▶ _MATERIAL PROVIDED_
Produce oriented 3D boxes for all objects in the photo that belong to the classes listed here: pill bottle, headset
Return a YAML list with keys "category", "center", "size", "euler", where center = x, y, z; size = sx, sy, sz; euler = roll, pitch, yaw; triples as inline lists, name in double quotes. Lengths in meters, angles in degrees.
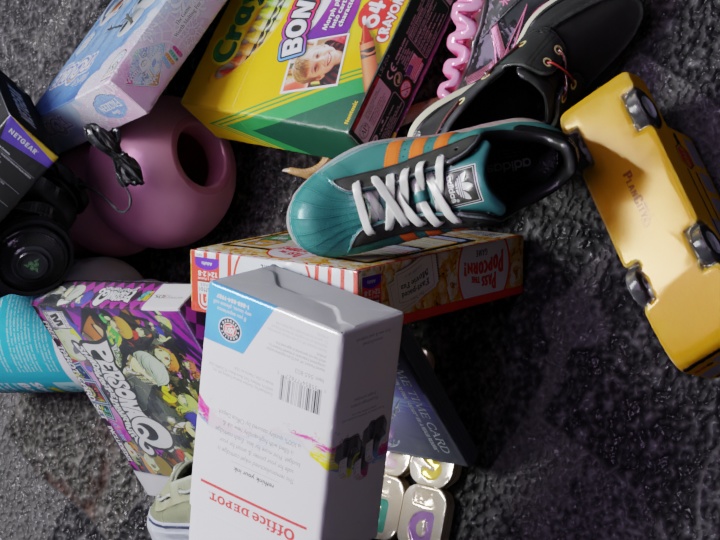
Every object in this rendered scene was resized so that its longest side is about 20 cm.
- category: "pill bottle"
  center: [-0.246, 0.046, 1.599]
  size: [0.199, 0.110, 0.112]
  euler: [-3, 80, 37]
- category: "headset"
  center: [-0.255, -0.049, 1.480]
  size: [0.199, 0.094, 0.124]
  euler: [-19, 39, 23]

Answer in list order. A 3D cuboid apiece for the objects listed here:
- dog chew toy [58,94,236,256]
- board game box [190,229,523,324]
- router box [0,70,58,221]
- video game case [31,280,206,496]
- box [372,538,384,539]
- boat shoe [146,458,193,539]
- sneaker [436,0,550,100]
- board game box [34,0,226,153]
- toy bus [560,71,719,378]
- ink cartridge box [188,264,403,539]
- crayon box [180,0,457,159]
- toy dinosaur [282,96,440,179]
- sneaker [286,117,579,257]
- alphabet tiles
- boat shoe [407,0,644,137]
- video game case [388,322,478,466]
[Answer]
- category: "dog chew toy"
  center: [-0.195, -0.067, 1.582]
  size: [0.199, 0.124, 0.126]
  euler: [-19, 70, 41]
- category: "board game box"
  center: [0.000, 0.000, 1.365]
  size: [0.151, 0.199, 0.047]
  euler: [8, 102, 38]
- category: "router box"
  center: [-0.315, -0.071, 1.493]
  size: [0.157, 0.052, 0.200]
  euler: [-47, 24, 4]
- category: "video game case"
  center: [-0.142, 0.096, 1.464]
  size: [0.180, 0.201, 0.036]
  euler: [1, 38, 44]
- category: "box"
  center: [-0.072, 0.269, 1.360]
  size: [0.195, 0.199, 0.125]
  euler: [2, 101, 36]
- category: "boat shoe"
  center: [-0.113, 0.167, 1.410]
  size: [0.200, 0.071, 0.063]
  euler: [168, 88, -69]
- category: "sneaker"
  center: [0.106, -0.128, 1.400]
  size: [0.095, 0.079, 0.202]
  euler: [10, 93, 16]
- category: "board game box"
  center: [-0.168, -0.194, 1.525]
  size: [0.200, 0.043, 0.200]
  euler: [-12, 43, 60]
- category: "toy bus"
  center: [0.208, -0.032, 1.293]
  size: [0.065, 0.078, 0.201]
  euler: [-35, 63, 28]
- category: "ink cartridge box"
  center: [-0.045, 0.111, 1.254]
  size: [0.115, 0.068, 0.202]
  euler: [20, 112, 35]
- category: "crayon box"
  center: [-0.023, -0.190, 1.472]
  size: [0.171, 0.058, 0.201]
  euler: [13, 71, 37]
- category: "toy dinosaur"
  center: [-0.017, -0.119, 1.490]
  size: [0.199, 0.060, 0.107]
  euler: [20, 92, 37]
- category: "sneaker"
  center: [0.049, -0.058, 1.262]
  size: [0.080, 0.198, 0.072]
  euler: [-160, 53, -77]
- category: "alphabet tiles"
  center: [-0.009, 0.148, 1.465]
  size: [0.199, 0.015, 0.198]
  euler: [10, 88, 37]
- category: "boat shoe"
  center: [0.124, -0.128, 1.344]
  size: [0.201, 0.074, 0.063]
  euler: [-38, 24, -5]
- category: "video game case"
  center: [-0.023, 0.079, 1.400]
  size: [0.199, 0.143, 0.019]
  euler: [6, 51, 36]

▶ _EXERCISE AIM_
When a line in the data contains "listed", return it as written.

▶ _RESPONSE AREA_
Produce oriented 3D boxes for all objects in the photo that belong to the classes listed here: pill bottle, headset
Answer in list order. A 3D cuboid apiece for the objects listed here:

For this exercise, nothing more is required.